Even as it happens thanks to the quirkiness of this year’s calendar rhythm, so quickly, so unavoidably, the Advent season carries – or I should say, has carried – blue signs positioned along our spiritual thoroughfare, to “Keep Our Distance.”

Indeed, “Keeping our distance” has been, a sort of unofficial counter-cultural mantra for for us here at saint benedict’s table.  As Beth so aptly preached on the first Sunday of Advent, we engage, we welcome and we proclaim the tension between the “already” and “not yet.”  We keep our distance from the carols piped even throughout our spiritual-but-not-religious world, practically from late-October… or earlier.  We testify to the promise, but we wait.

For me, this year, even as Advent has come rather truncated by the quirkiness of the calendar, the season started for me way back in September.   Wednesday, September 13th, to be exact.  That was the first day of the course I took through Vancouver School of Theology.  Each Wednesday, from September 13th through December 13th, we gathered for a virtual seminar, “Creating Jesus: In Scholarship, In Film and In Fiction.” 

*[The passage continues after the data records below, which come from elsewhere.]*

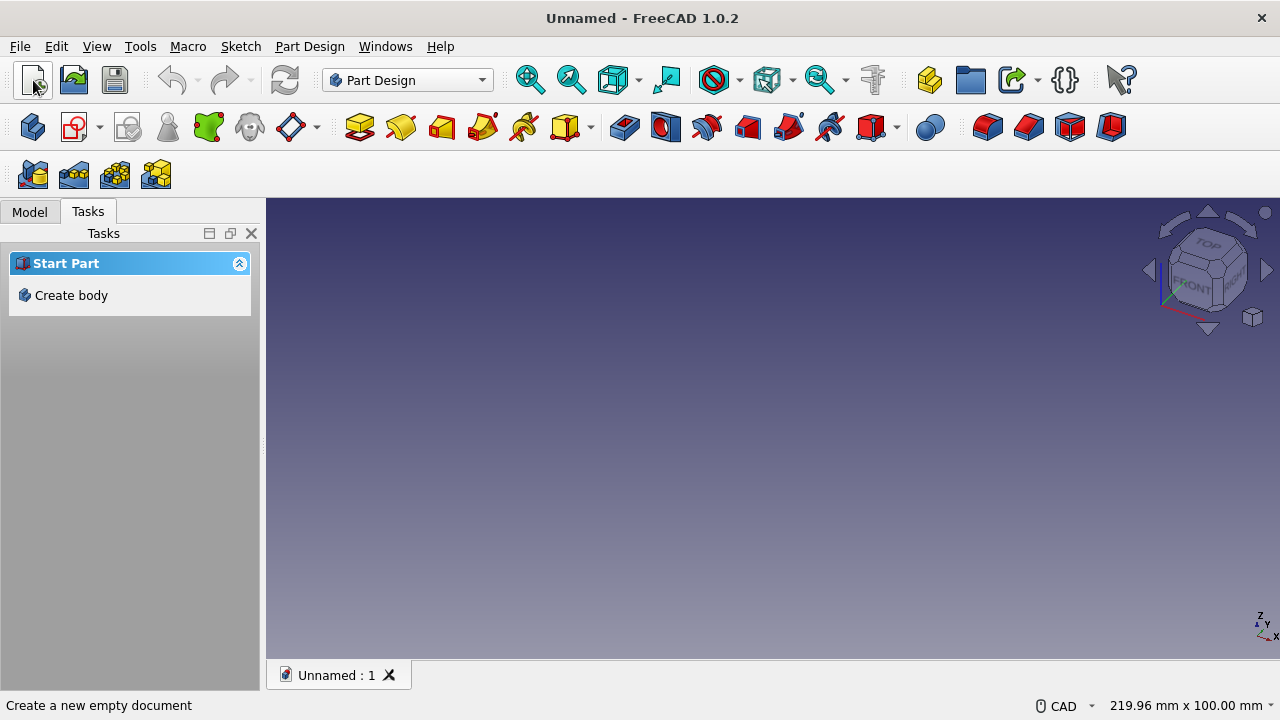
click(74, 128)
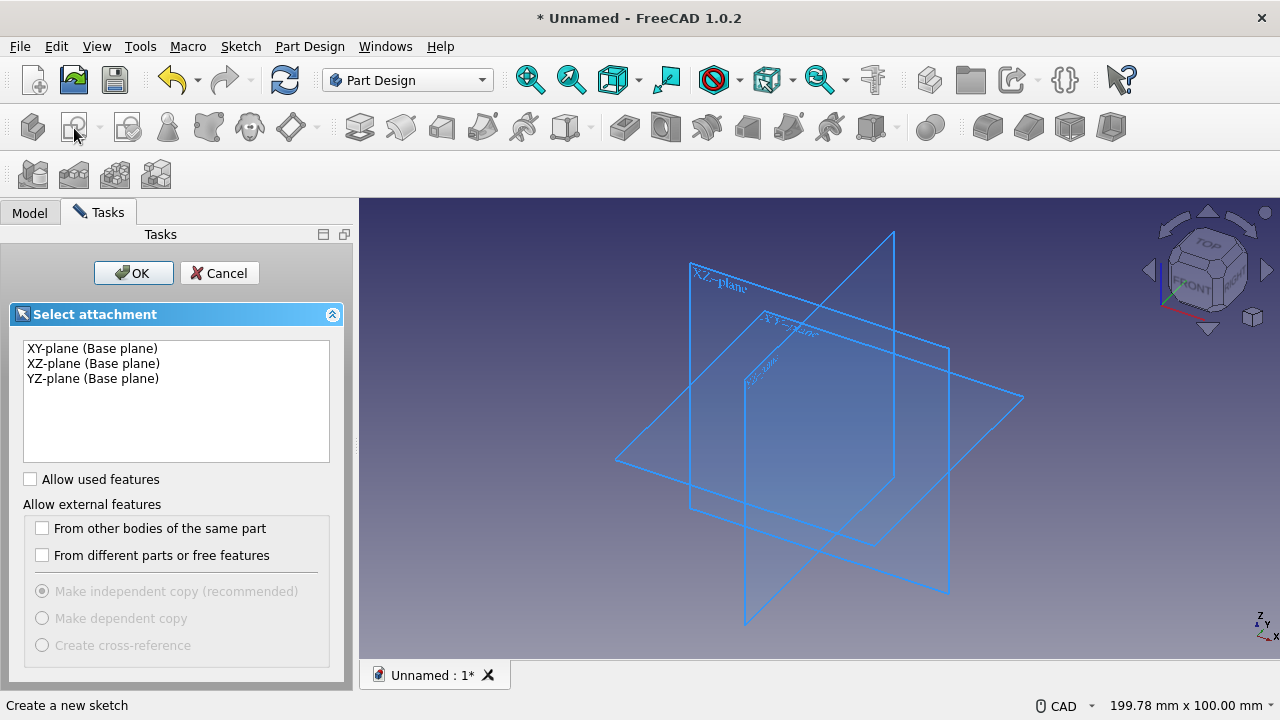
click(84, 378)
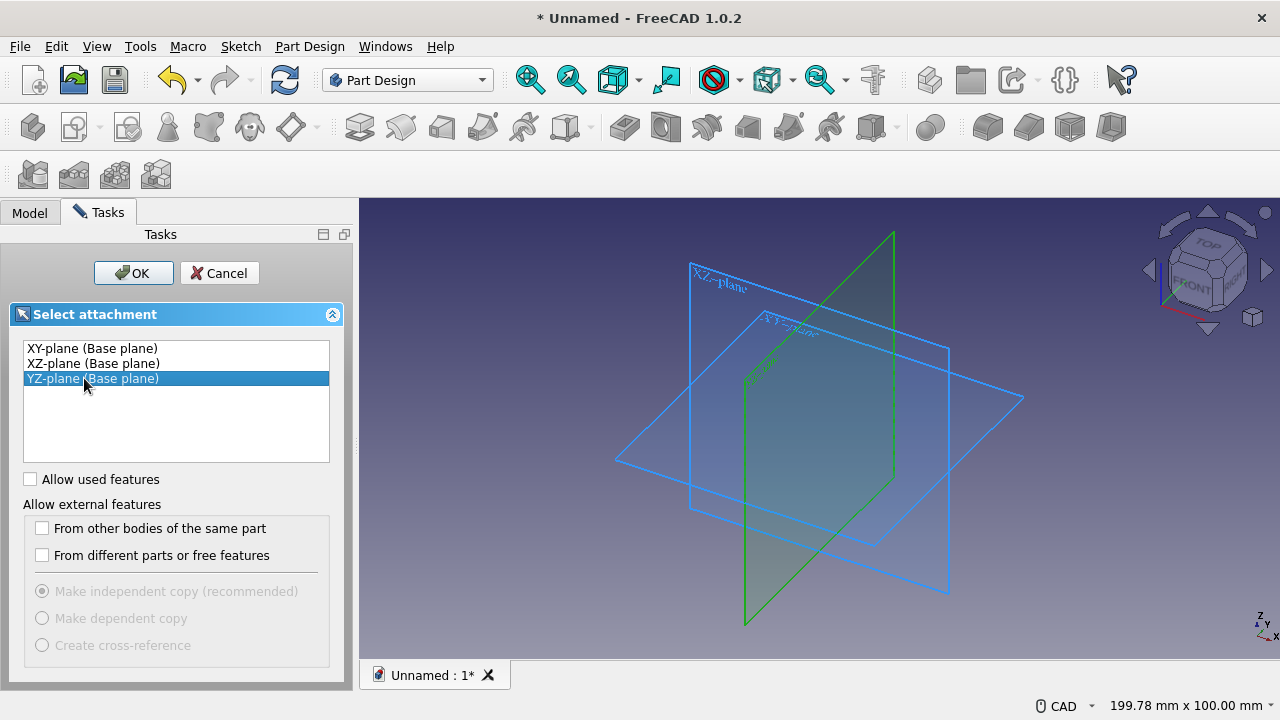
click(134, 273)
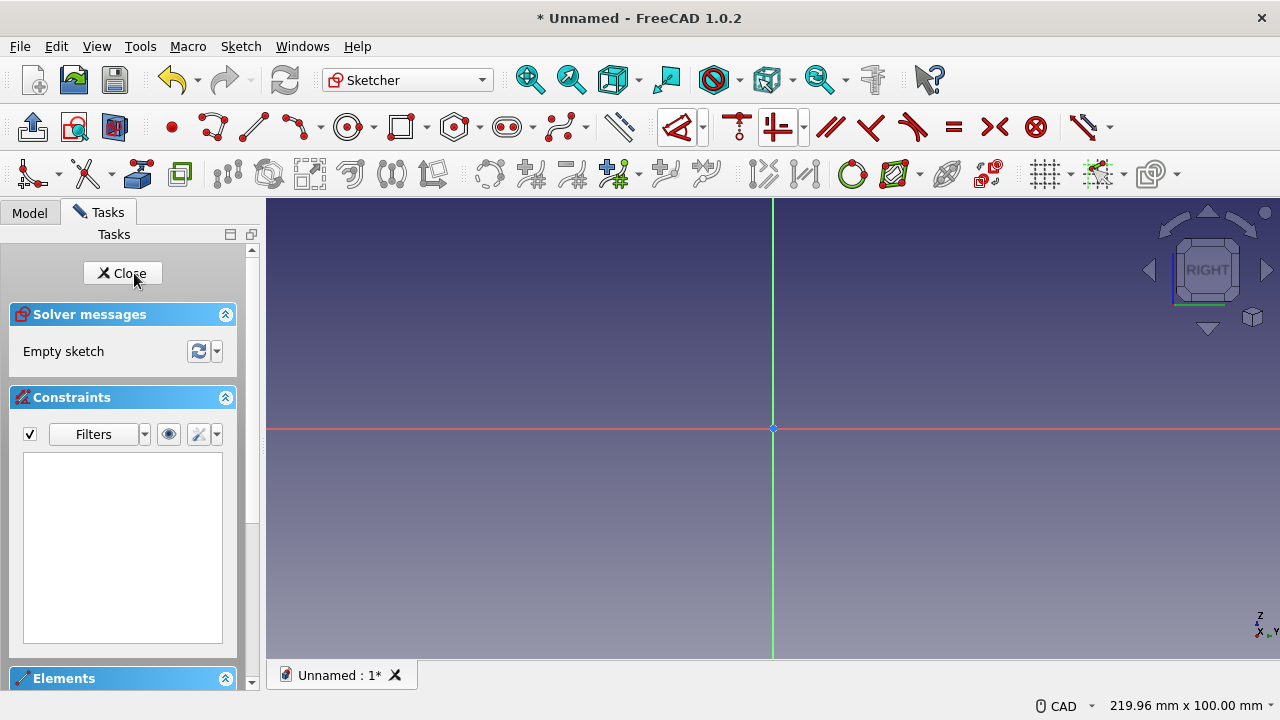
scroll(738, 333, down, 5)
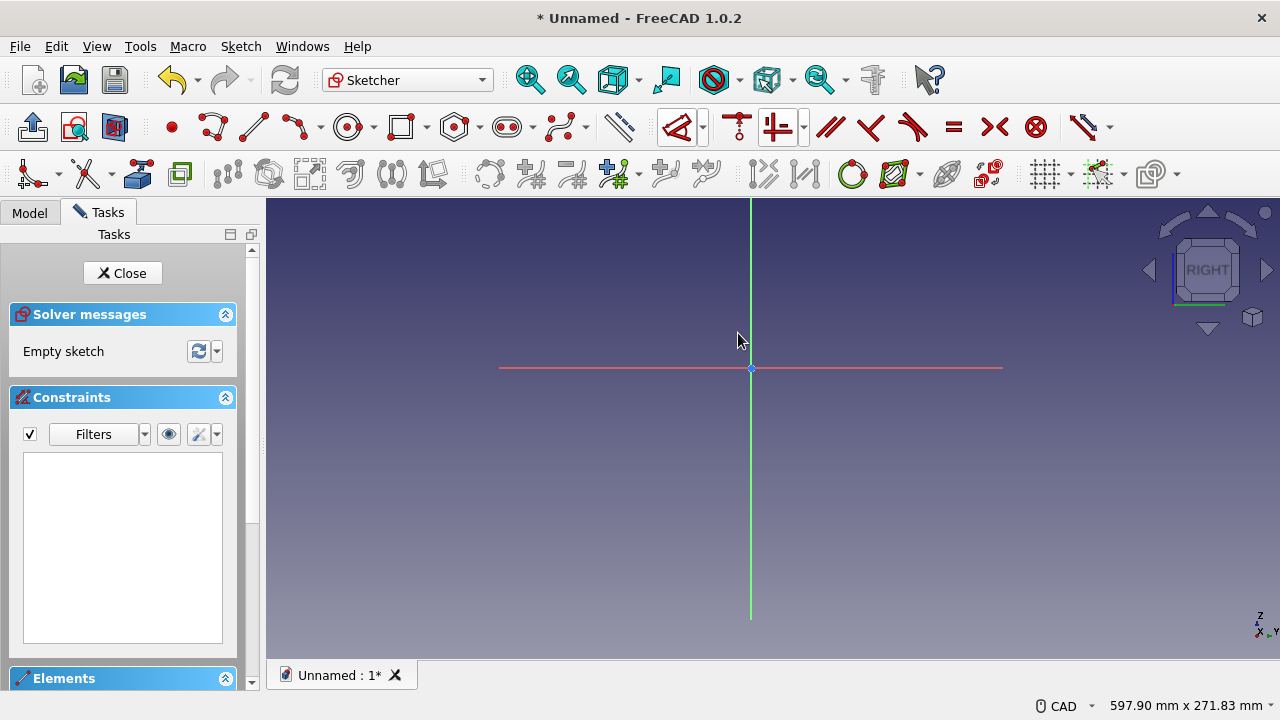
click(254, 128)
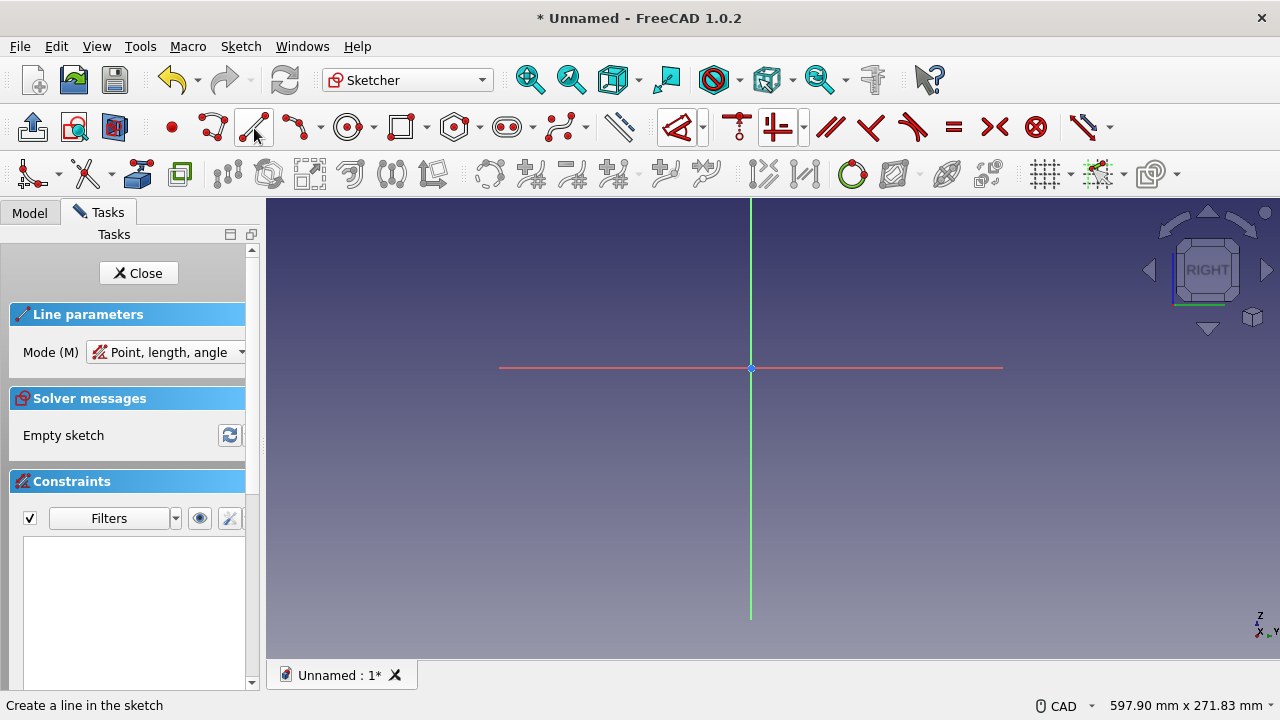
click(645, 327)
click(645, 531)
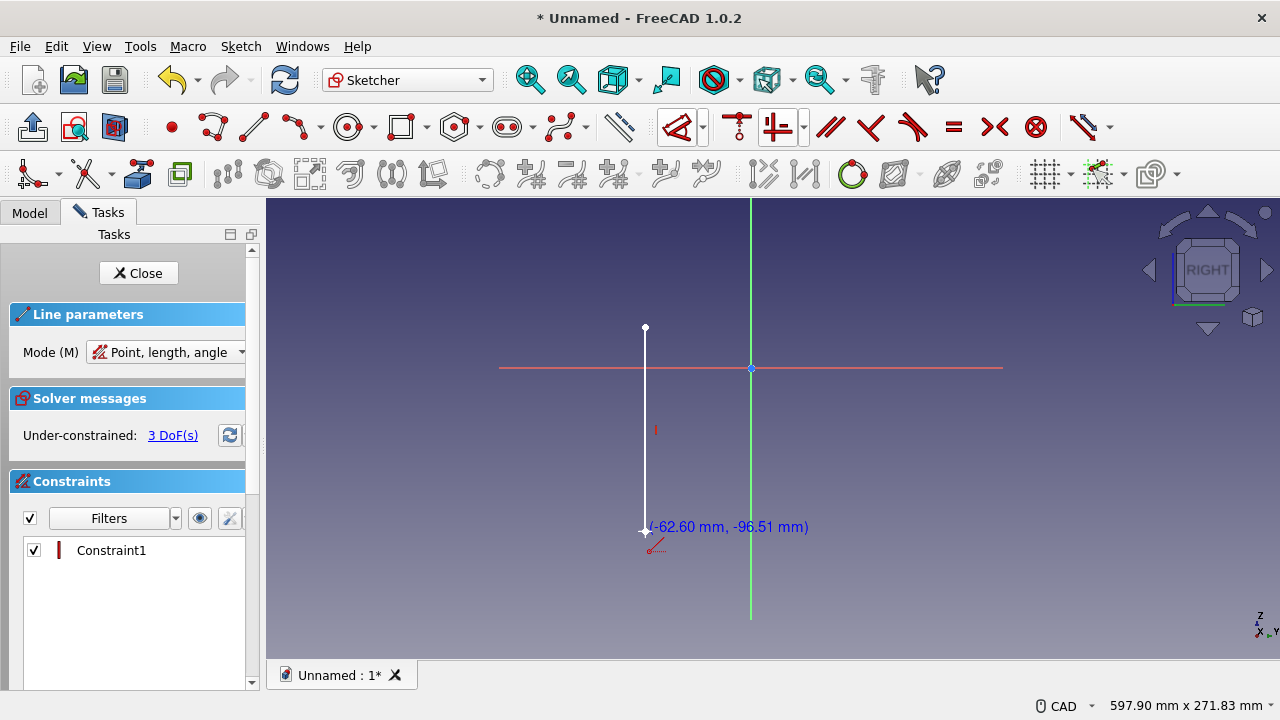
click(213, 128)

The premise behind the course:  ever since a babe born in the Bethlehem manger, there have continue to be, myriad attempts to put flesh on the bones of the incarnation.  We can’t help ourselves.  I believe that we shouldn’t even try.  Indeed, a longing to incarnate the incarnation remains our undergirding urge.

In actuality, we glean precious little about Jesus from our Biblical record.  Writers of the New Testament gospels were interested more in full-throttle good-news proclamation than anywhere-near-accurate historical documentation.  Across the centuries, in many ways and by various means, historians, cinematographers and novelists have acknowledged the distance – the gaps and longings – and imagine what the life and experiences for Jesus might have been growing up.   What was it like for Joseph, pulled off the bachelor bench, way past his best-before date?  Or what was it like for Mary, a young girl who found herself to be “with child”?

Scholars, directors, artists and authors – then, as now – engage in such a quest in order to fill a vaccum, add colour and texture – all of that, and more than we could ask or imagine – and for an even more powerful, and simple reason:

We reach out to God, reflective of the essential tenet of our faith,

because, God, in the nativity of the Christ child, reaches out to us.

That forms the essential seed, or promise, of our faith stories.

As part of the third Module for that “Creating Jesus” seminar, I had occasion to read Canadian author Nino Ricci’s novel, Testament, a collection of four “testimonies” or “gospel narratives,” imaginatively authored by 3 biblical characters, Yihuda of Qiryat (Judas), Miryam of Migdal (Mary Magdalene), Miryam (Mary, mother of Yeshua) and one imagined historical figure, Simon of Gergesa, a young Syrian shepherd who happened to be in Jerusalem during the Jesus’ final days.

Of particular interest as we gather on this most “Holy Night” when the chevron gap is erased is the gospel narrative Ricci imagines by Miryam (Mary, mother of Yeshua).  In Ricci’s account, the story of Jesus’ birth is re-imagined with as a young, 15 yr-old girl, whose father had gained a place as clerk at the Court of Herod the Great.  Miryam is the victim of some sort of coerced liaison involving a Roman legate.  Whether or not this was arranged or even consensual between Miryam and the soldier, the legate “did not take me as his wife as my father had planned, but abandoned me the moment he had received his commission.”  Effectively, Miryam is “married off” to Yehoceph, a mason employed at the temple works.  All arranged by her father, a “rushed matrimonial celebration” takes place in Bet Lehem, and soon after, Miryam, Yehoceph and the babe escape to Alexandria.  Yeshua, after all, has been born a mamzer – an Israelite of suspect parentage – a stigma with which he was forced to reckon, from the get-go, as were members of his immediate family.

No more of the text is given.